CRG Configuration

All nf-core pipelines have been successfully configured for use on the CRG HPC cluster at the Centre for Genomic Regulation.

Using the CRG config profile

In order to avoid overloading the CRG login nodes, a specific VM to run Nextflow pipelines is provided. This VM can submit jobs to the HPC scheduler, thus using the computing nodes in the cluster. You just need to connect to it via SSH (replacing with your username):

## Log in to the node
ssh <username>@nextflow.linux.crg.es

Before running the pipeline you will need to download Nextflow and load Singularity using the environment module system on CRG cluster. Please check the main README of the pipeline to make sure that the version of Nextflow is compatible with that required to run the pipeline. At the time of writing, the VM has an old version of Java installed. Thus, you need to make sure you load the Java 11 module for running Nextflow. You can do all this by issuing the commands below:

## Download Nextflow
wget -qO- https://get.nextflow.io | bash

For your convenience, you can move the nextflow launcher to a directory included in your PATH environment variable.

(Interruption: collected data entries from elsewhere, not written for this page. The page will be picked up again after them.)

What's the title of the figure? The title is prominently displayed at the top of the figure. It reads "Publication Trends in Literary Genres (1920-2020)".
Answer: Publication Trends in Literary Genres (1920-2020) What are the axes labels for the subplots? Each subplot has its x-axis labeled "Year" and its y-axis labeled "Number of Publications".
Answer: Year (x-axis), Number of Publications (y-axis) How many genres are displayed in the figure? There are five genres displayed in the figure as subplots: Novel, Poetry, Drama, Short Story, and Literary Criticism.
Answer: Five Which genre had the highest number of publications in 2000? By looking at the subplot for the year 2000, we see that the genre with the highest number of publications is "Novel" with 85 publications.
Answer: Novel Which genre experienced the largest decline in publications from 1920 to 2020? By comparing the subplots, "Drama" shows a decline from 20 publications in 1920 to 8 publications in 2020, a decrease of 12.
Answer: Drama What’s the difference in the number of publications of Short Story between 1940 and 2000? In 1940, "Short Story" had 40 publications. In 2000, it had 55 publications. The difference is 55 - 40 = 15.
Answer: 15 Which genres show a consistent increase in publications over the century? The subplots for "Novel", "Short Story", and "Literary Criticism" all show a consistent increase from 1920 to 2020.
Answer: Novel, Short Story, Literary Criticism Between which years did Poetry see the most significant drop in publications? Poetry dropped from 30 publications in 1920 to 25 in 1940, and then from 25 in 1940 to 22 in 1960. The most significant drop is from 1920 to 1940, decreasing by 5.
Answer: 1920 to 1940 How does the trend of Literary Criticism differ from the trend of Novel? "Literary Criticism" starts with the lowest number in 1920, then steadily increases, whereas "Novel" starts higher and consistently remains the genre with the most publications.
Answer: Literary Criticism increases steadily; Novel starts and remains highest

## Load Singularity environment modules
module use /software/as/el7.2/EasyBuild/CRG/modules/all
module load Singularity/3.7.0
module load Java/11.0.2

Adding the previous lines to your .bash_profile or .bashrc file is an option to avoid having to load the modules each time you start a session.

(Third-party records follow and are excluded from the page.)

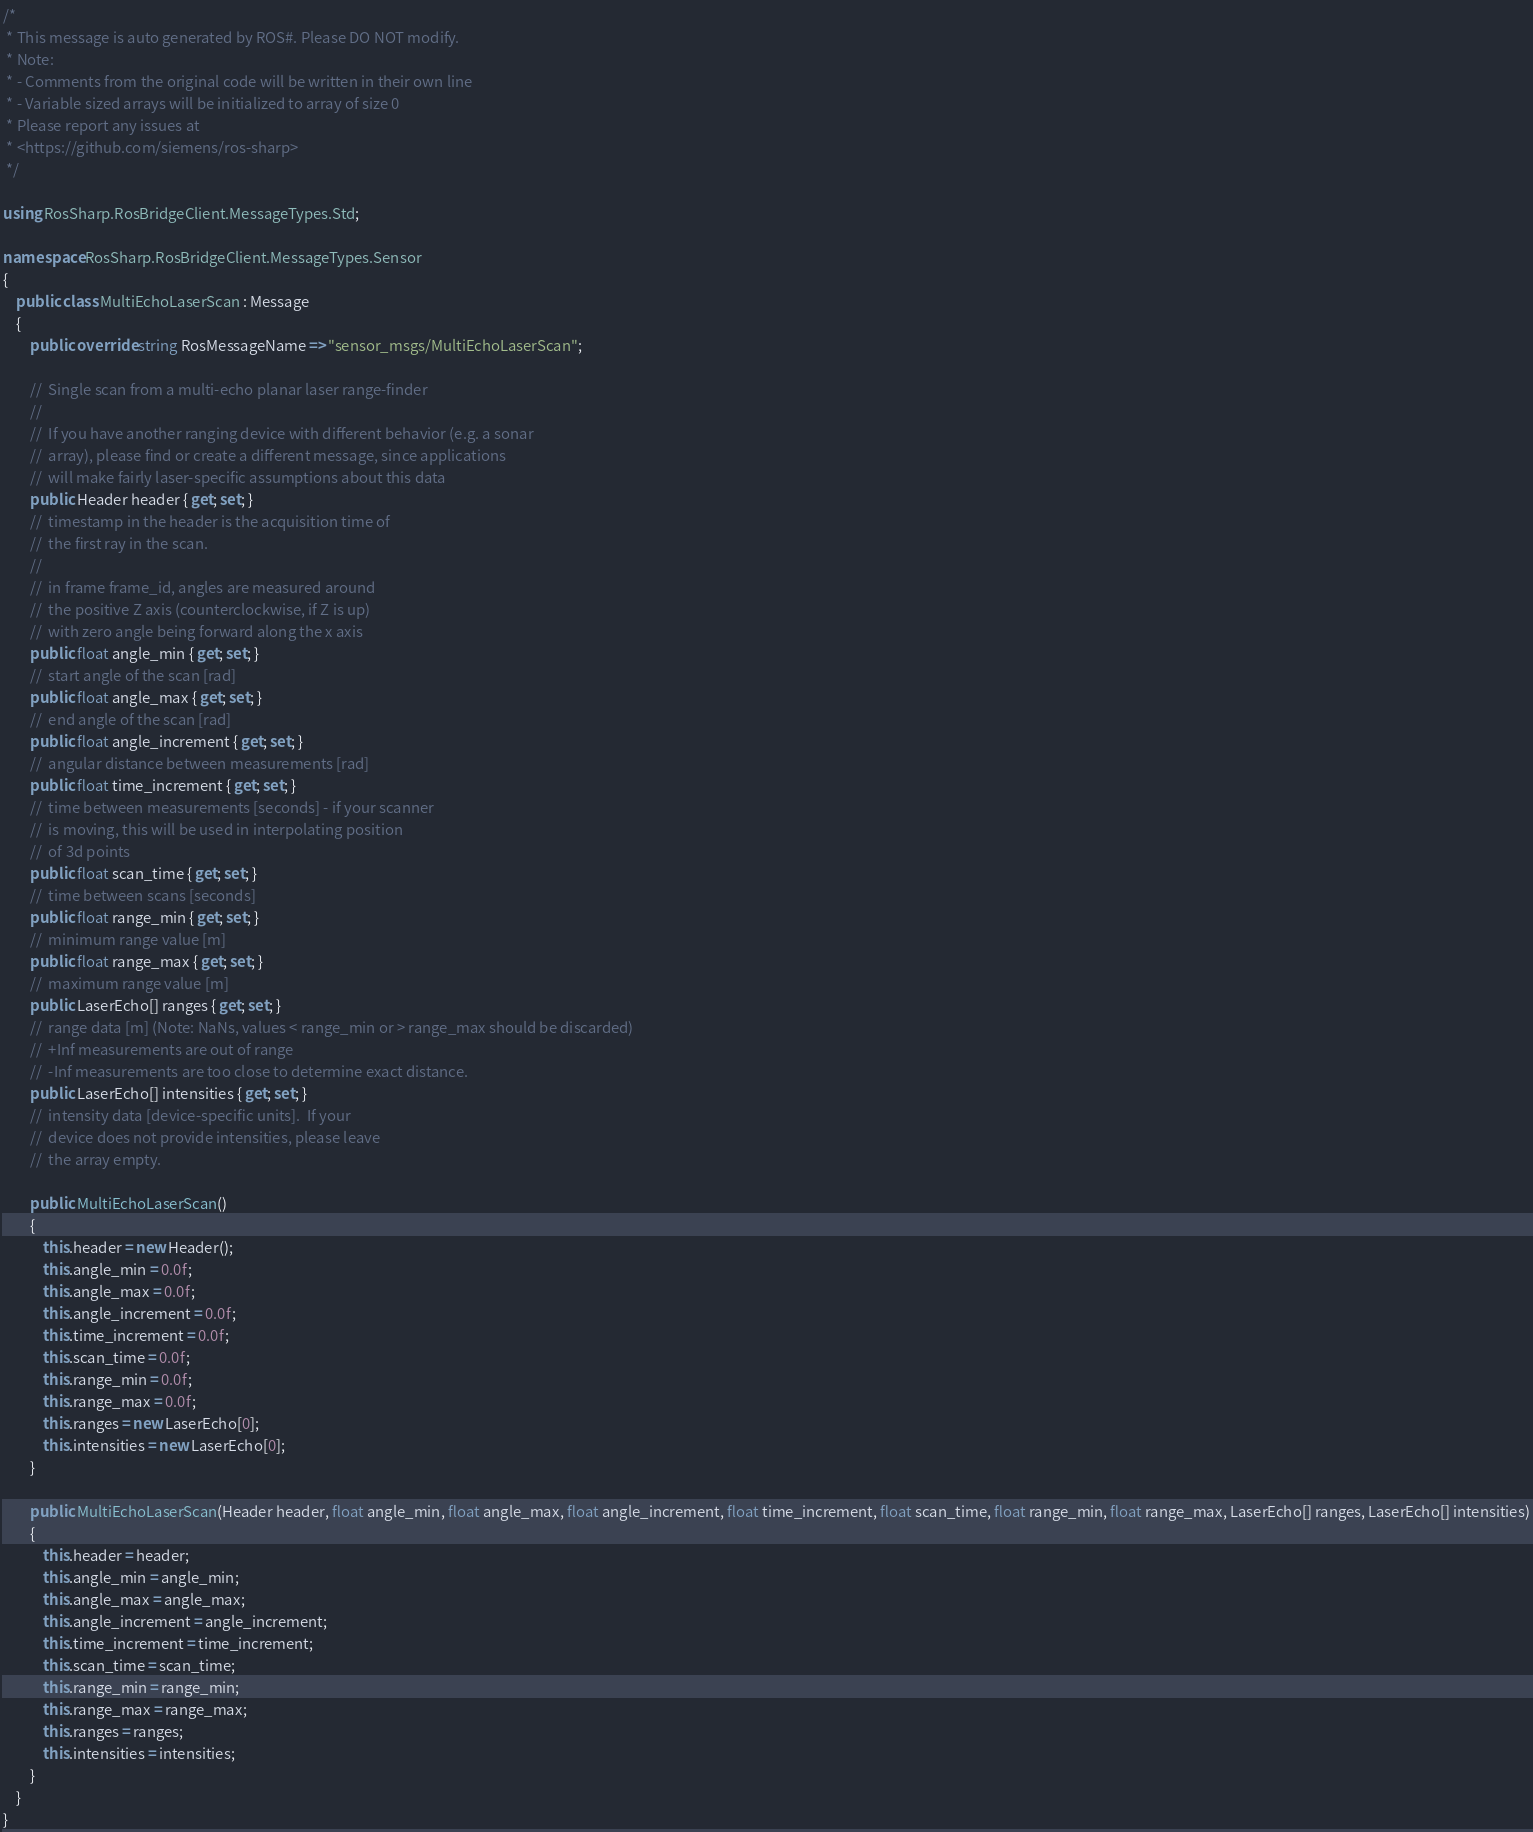<code> <loc_0><loc_0><loc_500><loc_500><_C#_>/* 
 * This message is auto generated by ROS#. Please DO NOT modify.
 * Note:
 * - Comments from the original code will be written in their own line 
 * - Variable sized arrays will be initialized to array of size 0 
 * Please report any issues at 
 * <https://github.com/siemens/ros-sharp> 
 */

using RosSharp.RosBridgeClient.MessageTypes.Std;

namespace RosSharp.RosBridgeClient.MessageTypes.Sensor
{
    public class MultiEchoLaserScan : Message
    {
        public override string RosMessageName => "sensor_msgs/MultiEchoLaserScan";

        //  Single scan from a multi-echo planar laser range-finder
        // 
        //  If you have another ranging device with different behavior (e.g. a sonar
        //  array), please find or create a different message, since applications
        //  will make fairly laser-specific assumptions about this data
        public Header header { get; set; }
        //  timestamp in the header is the acquisition time of 
        //  the first ray in the scan.
        // 
        //  in frame frame_id, angles are measured around 
        //  the positive Z axis (counterclockwise, if Z is up)
        //  with zero angle being forward along the x axis
        public float angle_min { get; set; }
        //  start angle of the scan [rad]
        public float angle_max { get; set; }
        //  end angle of the scan [rad]
        public float angle_increment { get; set; }
        //  angular distance between measurements [rad]
        public float time_increment { get; set; }
        //  time between measurements [seconds] - if your scanner
        //  is moving, this will be used in interpolating position
        //  of 3d points
        public float scan_time { get; set; }
        //  time between scans [seconds]
        public float range_min { get; set; }
        //  minimum range value [m]
        public float range_max { get; set; }
        //  maximum range value [m]
        public LaserEcho[] ranges { get; set; }
        //  range data [m] (Note: NaNs, values < range_min or > range_max should be discarded)
        //  +Inf measurements are out of range
        //  -Inf measurements are too close to determine exact distance.
        public LaserEcho[] intensities { get; set; }
        //  intensity data [device-specific units].  If your
        //  device does not provide intensities, please leave
        //  the array empty.

        public MultiEchoLaserScan()
        {
            this.header = new Header();
            this.angle_min = 0.0f;
            this.angle_max = 0.0f;
            this.angle_increment = 0.0f;
            this.time_increment = 0.0f;
            this.scan_time = 0.0f;
            this.range_min = 0.0f;
            this.range_max = 0.0f;
            this.ranges = new LaserEcho[0];
            this.intensities = new LaserEcho[0];
        }

        public MultiEchoLaserScan(Header header, float angle_min, float angle_max, float angle_increment, float time_increment, float scan_time, float range_min, float range_max, LaserEcho[] ranges, LaserEcho[] intensities)
        {
            this.header = header;
            this.angle_min = angle_min;
            this.angle_max = angle_max;
            this.angle_increment = angle_increment;
            this.time_increment = time_increment;
            this.scan_time = scan_time;
            this.range_min = range_min;
            this.range_max = range_max;
            this.ranges = ranges;
            this.intensities = intensities;
        }
    }
}
</code>

To use, run the pipeline with -profile crg. This will download and launch the crg.config which has been pre-configured with a setup suitable for the CRG HPC cluster, with the queues definitions. Using this profile, a docker image containing all of the required software will be downloaded, and converted to a Singularity image before execution of the pipeline.

# Launch a nf-core pipeline with the crg profile
$ nextflow run nf-core/<PIPELINE> -profile crg [...]

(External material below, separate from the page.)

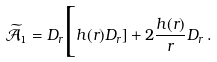Convert formula to latex. <formula><loc_0><loc_0><loc_500><loc_500>\mathcal { \widetilde { A } } _ { 1 } = D _ { r } \Big [ { h } ( r ) D _ { r } ] + 2 \frac { h ( r ) } { r } D _ { r } \, .</formula>

Remember to use -bg to launch Nextflow in the background, so that the pipeline doesn’t exit if you leave your terminal session. Alternatively, you can also launch Nextflow in a screen or a tmux session.

NB: You will need an account to use the HPC cluster on CRG in order to run the pipeline. If in doubt contact IT. NB: Nextflow will need to submit the jobs via SGE to the HPC cluster and as such the commands above will have to be executed on one of the login nodes. If in doubt contact IT.

Redirecting the work directory

It is highly recommended to place the work directory within the scratch volume.

If your group has no space on the scratch volume, please open a ticket to SIT for receiving support.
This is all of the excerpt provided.